9/11 “had a seismic effect on the ways in which we might regard the status of disaster movies”, both those after and those before, since “there was also a certain, chilling, retrospect; the uncanny feeling that we had seen something like this before” (89).
“… the events of 9/11 represented a startling reality bordering on the hyperreal (see dixon 2004; king 2005)”, ‘like a disaster movie’ (90). the attacks were “a strike at the heart of the american imaginary that also resonated for all of the world to see” (90).
geoff king argues that “where contemporary hollywood cinema has worked in convincing us of the reality of its spectacle, television and documentary reconstructions of the events of 9/11 have presented us with a form of reality as spectacle. [...] conveyed through the sort of narrative and grammar found in disaster movies, the most mediated disaster of all time was to become the most cinematic in terms of its initial scope and subsequent re-construction (47-57)” (91). dixon argues this was done to help us understand and make sense of what happened in a visual language we are familiar with, not to reduce events to media spectacle and disaster movie.
feil (2005: 4-5) observes that video and dvd rentals of disaster movies reached unprecedented demand following 9/11, even though [or perhaps because] tv refused to show them… “the invitation being to regard them as simultaneously far-fetched and not so far-fetched” (91).
on elements of the post-9/11 ‘imagination of disaster’: “the ‘spectacle’ of urban destruction; the ideologies of national security and international terrorism; [...] the new paranoia, of unexpected attack and of a sort of internal breach as distinct from the theme of invasion, for example, in that we have already been infiltrated”. and while “action and disaster movies have always been domestic, [...] now, it would appear, they have a new responsibility to face up to” (93).
ken feil argues that 9/11 “compels critics and filmmakers firmly and rigidly to separate sadistic pleasure, comedy and irony from disaster. maintaining these distinctions exemplifies tasteful reverence for the victims and survivors of 9/11″ (2005: 124).
on the sum of all fears: also marked by post-9/11 sensibilities with disaster a “low-key” sequence and political backdrop of film giving it “an old-fashioned quality” (94).
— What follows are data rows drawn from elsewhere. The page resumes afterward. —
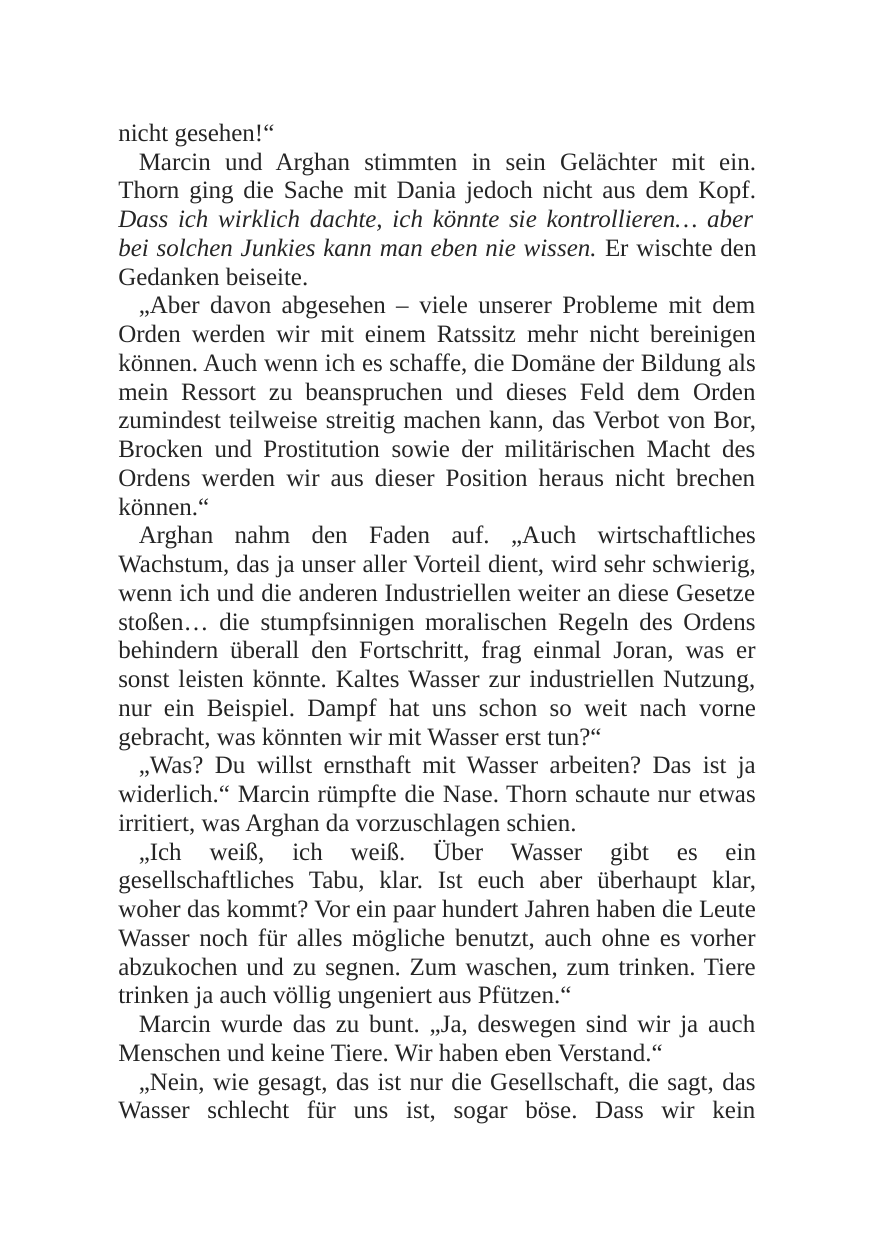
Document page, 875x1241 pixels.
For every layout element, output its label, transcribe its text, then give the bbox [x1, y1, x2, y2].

text „Ich weiß, ich weiß. Über Wasser gibt es ein gesellschaftliches Tabu, klar. Ist euch aber überhaupt klar, woher das kommt? Vor ein paar hundert Jahren haben die Leute Wasser noch für alles mögliche benutzt, auch ohne es vorher abzukochen und zu segnen. Zum waschen, zum trinken. Tiere trinken ja auch völlig ungeniert aus Pfützen.“ [118, 837, 756, 1009]
text „Nein, wie gesagt, das ist nur die Gesellschaft, die sagt, das Wasser schlecht für uns ist, sogar böse. Dass wir kein [118, 1067, 756, 1124]
text „Aber davon abgesehen – viele unserer Probleme mit dem Orden werden wir mit einem Ratssitz mehr nicht bereinigen können. Auch wenn ich es schaffe, die Domäne der Bildung als mein Ressort zu beanspruchen und dieses Feld dem Orden zumindest teilweise streitig machen kann, das Verbot von Bor, Brocken und Prostitution sowie der militärischen Macht des Ordens werden wir aus dieser Position heraus nicht brechen können.“ [118, 291, 756, 521]
text nicht gesehen!“ [118, 118, 756, 147]
text „Was? Du willst ernsthaft mit Wasser arbeiten? Das ist ja widerlich.“ Marcin rümpfte die Nase. Thorn schaute nur etwas irritiert, was Arghan da vorzuschlagen schien. [118, 751, 756, 837]
text Arghan nahm den Faden auf. „Auch wirtschaftliches Wachstum, das ja unser aller Vorteil dient, wird sehr schwierig, wenn ich und die anderen Industriellen weiter an diese Gesetze stoßen… die stumpfsinnigen moralischen Regeln des Ordens behindern überall den Fortschritt, frag einmal Joran, was er sonst leisten könnte. Kaltes Wasser zur industriellen Nutzung, nur ein Beispiel. Dampf hat uns schon so weit nach vorne gebracht, was könnten wir mit Wasser erst tun?“ [118, 521, 756, 751]
text Marcin und Arghan stimmten in sein Gelächter mit ein. Thorn ging die Sache mit Dania jedoch nicht aus dem Kopf. Dass ich wirklich dachte, ich könnte sie kontrollieren… aber bei solchen Junkies kann man eben nie wissen. Er wischte den Gedanken beiseite. [118, 147, 756, 291]
text Marcin wurde das zu bunt. „Ja, deswegen sind wir ja auch Menschen und keine Tiere. Wir haben eben Verstand.“ [118, 1009, 756, 1067]

on ‘the day after tomorrow’: “works in simultaneously reflecting and distancing itself from the events and psychological after-effects of 9/11. on one level the film cannot be read in terms of anything other than the post-9/11 imagination of disaster”. 1. uses NYC and 2. “in contrast to its looser treatment of la for example – the approach to ny ["an appropriate degree of seriousness and sensitivity"] is a particular indication of post-9/11 sensibilities”. “what is particularly noticeable, however, is that ny ultimately survives [...] it remains a beacon of hope” unlike in 90s disaster movies (96).
“rather than being used as a mere spectacular location [...], ny becomes the main location for the remainder of ‘the day after tomorrow’. [...] much more central in terms of narrative” (99). significantly, son, sam (gyllenhal), has to become the leader until his father, jack (quaid), the “potential disaster movie leader figure”, arrives. that said, “survival is still the topical order of the day”.
the film also uses omniscient shots following the wave and first-person wave shots. also, “In correcting itself [the planet] has also redressed ingrained imbalances in the current state of the world as a whole” (103) … and is therefore much more of a traditional disaster movie, unlike ‘cloverfield’ for example.
“from the 1990s onwards there has also been an attempt to ‘characterise’ that subsequent, impersonal spectacle, not so much to represent the natural disaster as the villain but as a monster unleashed (for all intents and purposes we have caused the disasters [...]” (101).
a “common criticism of disaster movies”, that characters “are dwarfed by the issues and hyperbolic spectacle” (103) … has now been invested with greater ‘reality’, given the events of 9/11 did just that. thus, in a sense the containment of the disaster in ‘wtc’ is figured in the foregrounding, the reasserting, of the human element!
keane notes that there is “a current context where so many films can be read as ‘disaster films’”, from signs to vendetta, flightplan, as distinct from disaster ‘movies’. he further surmises that film directly about 9/11 “will lead to a clear demarcation between” the two types (106). note also the failure of poseidon (2006) – too safe, too retro, unreflective of current climate and “a further retreat form the present” (106).
“perhaps this, then, will be the main distinction between disaster movies and disaster films, spectacle on the one side and a form of ‘new realism’ on the other”; “more sober” (106).
“either way, disaster movies have new responsibilities to take on [...]: not the seduction but the involvement in spectacle; intelligence and empathy rather than functionality and simple entertainment; an awareness [...] which will above all provide disaster movies with enduring relevance” (107).